Too Young: In Memory Commander Marsha Hanly, Nurse Corps US Navy

LCDR Marsha Hanly caring for a patient in the ICU of the USNS Comfort 

“Nursing is an art:  and if it is to be made an art, it requires an exclusive devotion as hard a preparation, as any painter’s or sculptor’s work; for what is the having to do with dead canvas or dead marble, compared with having to do with the living body, the temple of God’s spirit?  It is one of the Fine Arts:  I had almost said, the finest of Fine Arts.”  Florence Nightingale

This afternoon I was stunned to learn that a very dear co-worker and friend from Naval Medical Center Portsmouth had unexpectedly passed away. Marsha Hanly was a ICU Nurse who arrived at Portsmouth about the same time I did in 2008. She had just completed a Master of Science in Nursing at Duke with a specialization in Adult Critical Care nursing.  Marsha exemplified all that is good in nursing and was as devoted to her calling as Florence Nightingale described.

I remember what seem like countless times where I stood beside Marsha as she cared for critically ill or dying patients, comforted their families and helped the other nurses and physicians in the ICU. I also cannot count the number of times that she stood by me as I prayed for patients as they lay in critical condition. She was an outstanding nurse and Naval Officer as well as one of the most kind and compassionate people that I have ever met. She was devoted to her husband and children and to the welfare of those committed to her care. She was funny and joyful person who was real. She was a committed Christian, wife, mother and fantastic nurse. She could laugh and she could cry, she really loved and cared for those that she served.

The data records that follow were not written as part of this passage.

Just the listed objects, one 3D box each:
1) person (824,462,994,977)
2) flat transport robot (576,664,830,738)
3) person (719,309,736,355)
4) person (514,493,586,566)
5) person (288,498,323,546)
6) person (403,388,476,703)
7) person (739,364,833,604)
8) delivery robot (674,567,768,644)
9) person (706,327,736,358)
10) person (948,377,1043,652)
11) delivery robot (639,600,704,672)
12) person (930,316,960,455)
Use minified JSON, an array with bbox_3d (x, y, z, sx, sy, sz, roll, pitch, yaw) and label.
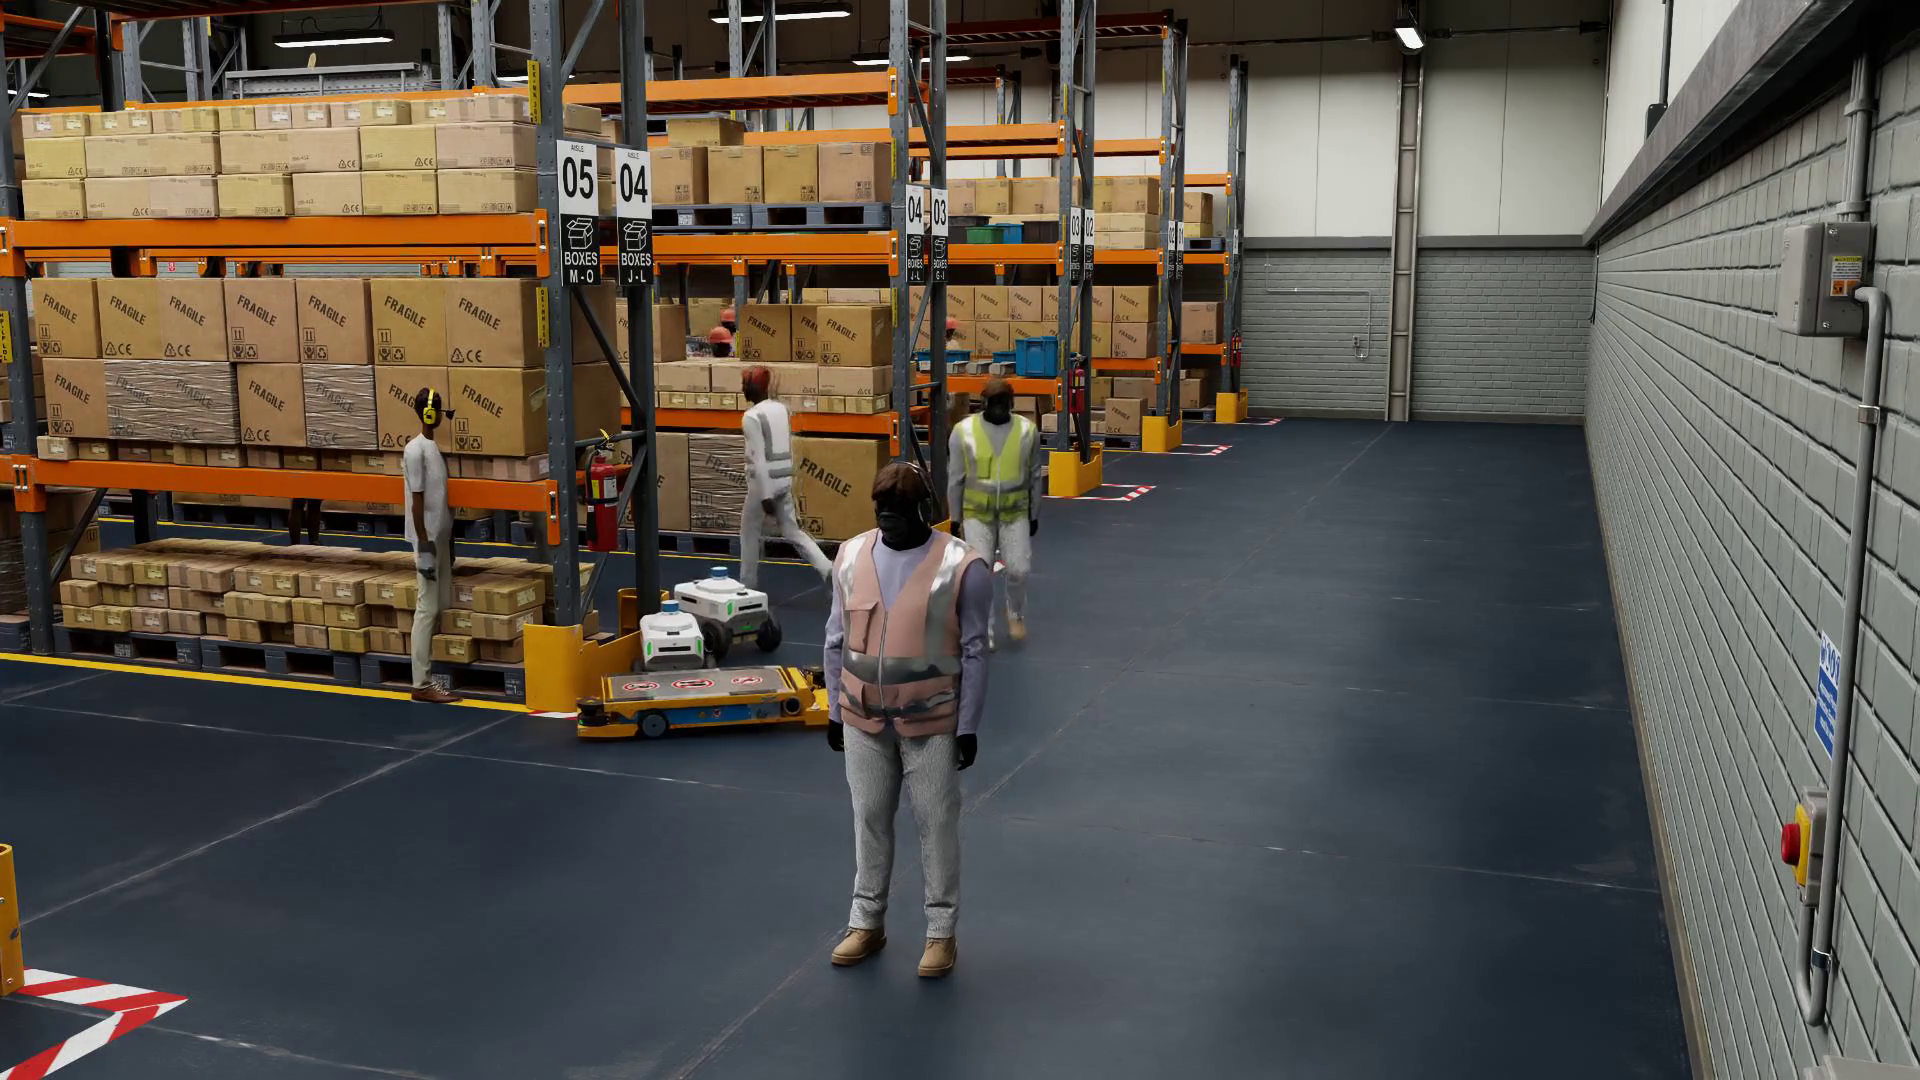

Last year Marsha deployed on the Hospital Ship USNS Comfort as part of Operation Continuing Promise, a medical mission to the Caribbean Sea, South and Central America. While deployed she was selected for Commander in the Nurse Corps. She returned late in the Summer and in November was diagnosed with Cancer. She underwent successful surgery which left her cancer free but in need of Chemotherapy to ensure that she remained so. She returned to work in late April and began her Chemo this week. Her last post on her Caring Bridge blog ( http://www.caringbridge.org/visit/mahanly )talked about how she described what she believed would be the course of her Chemotherapy, side effects and how long it would take. She was looking to the future and even to this weekend with her children. I don’t know the circumstances of her death but imagine that it was a sudden and catastrophic event related to the Chemo in some way.

When I read the news on Facebook, where I keep up with my friends from that ICU as well as so many others in my life I was stunned. As I read the comments of her fellow nurses and my former co-workers, nurses and physicians alike I felt like I had been kicked in the gut. I couldn’t believe it because I simply expected this otherwise healthy, young and vibrant woman to sail through Chemo and completely recover. I am so stunned that I cannot believe that his has happened.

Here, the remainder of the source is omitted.